日本で生まれた高級ぶどう「シャインマスカット」が、中国や韓国で安価に大量流通している——そんなニュースを聞いたことがある人は多いだろう。だが問題の本質は「海外に持ち出された」という結果ではなく、「持ち出される前に止める法律の仕組みが不十分だった」という構造にある。
農林水産省は今国会に種苗法(しゅびょうほう)の改正案を提出し、新品種が国に正式登録される前の段階でも、輸出を差し止める仕組みをつくる方針を固めた。一見すると技術的な法改正だが、その背景には日本の農業ブランドと知財戦略をめぐる、長年の課題がある。
種苗法とは何か——植物のための「著作権」
種苗法とは、新しい植物品種を開発した人や機関に「育成者権」という権利を与え、無断増殖や無断販売を禁じるための法律だ。音楽の著作権や薬のパテント(特許)に近い発想で、対象が植物の新品種という点が特徴だ。
この法律があることで、たとえばシャインマスカットを開発した農研機構(国立研究開発法人農業・食品産業技術総合研究機構)は、自分たちが育てた品種を無断でコピーされないよう守ることができる——はずだった。
問題は「出願」から「登録」までの空白
種苗法の権利は、品種が国に「登録」されて後に差し止めなど本格的な権利行使がしやすくなる。
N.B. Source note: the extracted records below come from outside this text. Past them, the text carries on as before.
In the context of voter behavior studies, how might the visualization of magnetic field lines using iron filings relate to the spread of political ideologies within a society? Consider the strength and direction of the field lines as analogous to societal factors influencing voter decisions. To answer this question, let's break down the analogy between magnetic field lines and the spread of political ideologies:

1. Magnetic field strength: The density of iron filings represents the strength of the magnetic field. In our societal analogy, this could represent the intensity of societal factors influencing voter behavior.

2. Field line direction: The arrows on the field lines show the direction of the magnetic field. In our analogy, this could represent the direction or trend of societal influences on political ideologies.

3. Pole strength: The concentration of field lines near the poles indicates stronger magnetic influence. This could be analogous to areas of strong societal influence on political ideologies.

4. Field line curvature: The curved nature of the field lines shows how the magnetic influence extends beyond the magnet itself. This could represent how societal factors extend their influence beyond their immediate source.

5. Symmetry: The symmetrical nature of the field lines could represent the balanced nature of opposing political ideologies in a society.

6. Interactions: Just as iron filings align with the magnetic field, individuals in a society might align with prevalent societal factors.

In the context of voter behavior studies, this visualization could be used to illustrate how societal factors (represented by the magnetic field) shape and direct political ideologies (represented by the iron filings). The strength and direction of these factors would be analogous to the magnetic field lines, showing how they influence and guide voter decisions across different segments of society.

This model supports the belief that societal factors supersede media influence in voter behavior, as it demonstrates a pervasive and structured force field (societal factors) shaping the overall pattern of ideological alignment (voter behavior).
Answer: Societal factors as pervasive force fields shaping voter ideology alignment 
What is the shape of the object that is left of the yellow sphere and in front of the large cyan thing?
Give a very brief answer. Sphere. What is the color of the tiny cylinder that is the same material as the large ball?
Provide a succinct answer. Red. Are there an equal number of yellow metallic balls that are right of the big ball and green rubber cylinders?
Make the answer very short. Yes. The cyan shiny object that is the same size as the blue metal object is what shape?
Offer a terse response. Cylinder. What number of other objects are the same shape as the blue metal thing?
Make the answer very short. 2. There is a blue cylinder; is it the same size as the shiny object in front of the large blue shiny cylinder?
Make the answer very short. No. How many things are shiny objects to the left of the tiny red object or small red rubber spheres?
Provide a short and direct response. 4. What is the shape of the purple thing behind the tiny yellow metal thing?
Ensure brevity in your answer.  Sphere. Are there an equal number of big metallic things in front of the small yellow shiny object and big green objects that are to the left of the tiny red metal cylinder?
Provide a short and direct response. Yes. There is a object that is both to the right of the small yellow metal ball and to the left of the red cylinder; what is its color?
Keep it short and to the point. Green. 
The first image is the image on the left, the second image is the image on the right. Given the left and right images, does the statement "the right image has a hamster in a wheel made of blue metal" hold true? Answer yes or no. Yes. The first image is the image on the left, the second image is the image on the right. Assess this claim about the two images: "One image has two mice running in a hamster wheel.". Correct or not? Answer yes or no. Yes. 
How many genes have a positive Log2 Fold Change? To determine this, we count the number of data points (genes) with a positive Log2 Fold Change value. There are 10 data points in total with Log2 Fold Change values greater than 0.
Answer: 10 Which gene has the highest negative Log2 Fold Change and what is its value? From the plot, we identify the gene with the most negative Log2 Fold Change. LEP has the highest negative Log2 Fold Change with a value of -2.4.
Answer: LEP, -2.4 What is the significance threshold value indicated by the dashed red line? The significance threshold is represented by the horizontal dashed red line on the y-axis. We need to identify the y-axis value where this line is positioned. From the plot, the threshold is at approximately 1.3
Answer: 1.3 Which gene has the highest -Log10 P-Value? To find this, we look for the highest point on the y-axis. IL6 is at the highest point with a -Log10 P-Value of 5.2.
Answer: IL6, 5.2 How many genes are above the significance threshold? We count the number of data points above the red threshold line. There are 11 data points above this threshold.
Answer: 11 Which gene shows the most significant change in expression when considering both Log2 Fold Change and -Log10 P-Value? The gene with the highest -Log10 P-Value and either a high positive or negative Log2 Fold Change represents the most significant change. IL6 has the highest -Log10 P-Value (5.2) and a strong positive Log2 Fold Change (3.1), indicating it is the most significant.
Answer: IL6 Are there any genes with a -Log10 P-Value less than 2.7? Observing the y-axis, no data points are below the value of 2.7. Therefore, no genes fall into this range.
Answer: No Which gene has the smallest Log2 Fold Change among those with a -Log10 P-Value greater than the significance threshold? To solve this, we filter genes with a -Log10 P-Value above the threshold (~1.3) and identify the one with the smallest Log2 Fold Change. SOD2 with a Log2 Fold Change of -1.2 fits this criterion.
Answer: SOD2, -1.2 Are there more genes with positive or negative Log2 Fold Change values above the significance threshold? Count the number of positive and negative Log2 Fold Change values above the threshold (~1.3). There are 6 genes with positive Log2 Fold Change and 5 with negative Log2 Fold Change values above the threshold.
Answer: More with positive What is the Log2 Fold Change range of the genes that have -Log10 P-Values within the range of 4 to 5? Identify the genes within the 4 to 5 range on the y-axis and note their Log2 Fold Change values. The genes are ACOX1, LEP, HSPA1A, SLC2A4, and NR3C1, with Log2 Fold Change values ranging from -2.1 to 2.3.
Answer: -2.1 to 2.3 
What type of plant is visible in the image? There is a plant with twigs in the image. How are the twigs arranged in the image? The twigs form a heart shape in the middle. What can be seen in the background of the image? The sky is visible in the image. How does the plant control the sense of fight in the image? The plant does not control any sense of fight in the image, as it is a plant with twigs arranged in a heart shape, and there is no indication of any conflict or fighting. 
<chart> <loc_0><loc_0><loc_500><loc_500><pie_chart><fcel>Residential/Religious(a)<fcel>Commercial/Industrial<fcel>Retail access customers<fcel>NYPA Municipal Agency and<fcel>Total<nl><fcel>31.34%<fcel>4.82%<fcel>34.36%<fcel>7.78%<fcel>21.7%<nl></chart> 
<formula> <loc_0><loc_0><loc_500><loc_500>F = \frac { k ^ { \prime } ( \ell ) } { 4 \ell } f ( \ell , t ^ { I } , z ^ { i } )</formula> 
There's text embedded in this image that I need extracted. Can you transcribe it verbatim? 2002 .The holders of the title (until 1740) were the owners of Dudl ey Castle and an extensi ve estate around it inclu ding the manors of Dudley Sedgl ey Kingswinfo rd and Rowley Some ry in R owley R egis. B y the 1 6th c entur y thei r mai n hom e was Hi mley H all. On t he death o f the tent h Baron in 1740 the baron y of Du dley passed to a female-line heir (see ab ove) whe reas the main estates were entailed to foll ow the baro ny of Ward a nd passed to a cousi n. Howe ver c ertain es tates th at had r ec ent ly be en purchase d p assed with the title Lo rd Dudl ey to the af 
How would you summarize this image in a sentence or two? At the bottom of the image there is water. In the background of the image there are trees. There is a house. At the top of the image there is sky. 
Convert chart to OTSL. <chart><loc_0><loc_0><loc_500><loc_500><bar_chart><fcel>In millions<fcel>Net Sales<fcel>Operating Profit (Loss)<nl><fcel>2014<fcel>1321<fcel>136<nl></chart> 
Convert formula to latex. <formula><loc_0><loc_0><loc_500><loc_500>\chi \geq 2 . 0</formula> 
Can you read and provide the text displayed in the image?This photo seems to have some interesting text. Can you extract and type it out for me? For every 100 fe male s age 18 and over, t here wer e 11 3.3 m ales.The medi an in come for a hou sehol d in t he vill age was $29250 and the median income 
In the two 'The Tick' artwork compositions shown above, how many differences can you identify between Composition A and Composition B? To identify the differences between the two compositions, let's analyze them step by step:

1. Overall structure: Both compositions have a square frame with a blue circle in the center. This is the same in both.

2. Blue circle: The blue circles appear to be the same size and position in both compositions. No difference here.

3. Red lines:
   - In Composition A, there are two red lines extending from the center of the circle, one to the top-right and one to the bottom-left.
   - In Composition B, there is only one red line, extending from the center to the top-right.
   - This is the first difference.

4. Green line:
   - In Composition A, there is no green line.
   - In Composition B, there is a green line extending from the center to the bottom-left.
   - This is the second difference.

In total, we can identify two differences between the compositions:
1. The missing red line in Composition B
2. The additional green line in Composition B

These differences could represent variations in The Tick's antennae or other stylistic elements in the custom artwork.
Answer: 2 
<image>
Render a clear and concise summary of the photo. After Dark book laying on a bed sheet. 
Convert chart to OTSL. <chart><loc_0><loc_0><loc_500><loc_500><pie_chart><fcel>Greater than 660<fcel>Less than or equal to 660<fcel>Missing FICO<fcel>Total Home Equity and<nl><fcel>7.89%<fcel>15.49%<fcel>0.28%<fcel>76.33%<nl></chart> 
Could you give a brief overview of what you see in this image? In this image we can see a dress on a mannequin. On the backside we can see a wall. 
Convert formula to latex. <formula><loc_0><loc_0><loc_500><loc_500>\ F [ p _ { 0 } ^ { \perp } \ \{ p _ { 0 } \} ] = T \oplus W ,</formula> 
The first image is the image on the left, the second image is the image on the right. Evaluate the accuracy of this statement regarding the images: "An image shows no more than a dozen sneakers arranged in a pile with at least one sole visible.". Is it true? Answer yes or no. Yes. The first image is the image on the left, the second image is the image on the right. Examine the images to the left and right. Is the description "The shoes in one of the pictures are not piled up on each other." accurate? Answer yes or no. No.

しかし品種を登録してもらうには、まず農水省に「出願(申請)」し、そこから審査を経て登録が認められるまで、平均で約3年かかる。最長では6年に及ぶこともある。
現行法でも、出願が公表された後であれば「仮保護」があり、登録後に補償金を請求する道は開かれている。しかしこれは、流出後の埋め合わせが中心の仕組みだ。海外で一度苗が増殖されてしまえば取り返しがつかない。育成者にとって必要なのは、流出を後から補填することではなく、流出そのものを止めることだ。
今回の改正が狙うのはその点だ。現行法の差し止め請求権は育成者権者、つまり登録後の権利者に結びついており、登録前の出願者が使える差し止めの手段は弱かった。改正案は、その「登録前の数年」に差し止めの武器を持たせることで、空白期間の穴を埋めようとしている。
農水省によれば、2020年にはかんきつ類の新品種「あすき」が、品種登録の前に海外に流出した可能性があるという。
2020年改正でも埋まらなかった穴
実は種苗法は2020年にも大きく改正されている。このとき、農産物の海外持出制限の設定、自家増殖(農家が自分で種を採って翌年使う行為)への許諾制の導入、栽培地域の指定などが盛り込まれた。
農研機構の解説によれば、2021年施行のこの改正で、出願段階で輸出先国を届け出ることで海外持出制限を設定し、官報で公示することができるようになった。
ただし、届け出と公示ができても、実際に流出が起きそうなときに民事裁判を通じて輸出を「止める」という局面では、使える差し止め手段はなお限定的だった。今回の改正案はその続きに位置する。出願が公表された段階から、まだ登録されていなくても民事裁判などを通じて輸出差し止めを請求できるようにする——これが今回の核心だ。
読売新聞の報道では、輸出前に国内で種苗を保管する行為も侵害として扱いやすくする方向が含まれる可能性があるとされており、差し止めの対象を輸送の手前まで広げることも論点になっている。
シャインマスカットの損失が示す経済的な重さ
読売新聞が農水省試算として伝えたところでは、シャインマスカットが中国などで広まったことによる損失は年間100億円超とされる。これは農家の損失にとどまらない。
シャインマスカットのような日本産高級品の価値は、「日本でしか買えない希少さ」にある部分が大きい。海外で安価に大量流通すれば、そのブランド価値は薄れ、輸出で高値をつける戦略が成り立たなくなる。さらに、開発費を回収できなければ、次の品種開発に投資する余力も失われる。
共同通信の2月の報道によれば、今回の改正案には育成者権の保護期間を10年延長する方向も含まれており、「流出を止める」だけでなく「投資して品種開発をする価値を守る」という産業政策上の意図も読み取れる。
これは農業ニュースであり、知財政策のニュースでもある
種苗法は農業行政の制度に見えるが、その実質は「植物という形の知的財産をどこまで守るか」という問いだ。
日本の農産物ブランドは、長年の品種改良の積み重ねによって成立している。シャインマスカットもあすきも、一朝一夕に生まれたものではない。その成果を守る差し止め手段が登録前に弱いとすれば、流出のリスクは常に「登録前の3年」に集中する。
今回の改正は、その空白を法律で埋めようとする試みだ。改正案は近く閣議決定され、今国会での成立を目指す。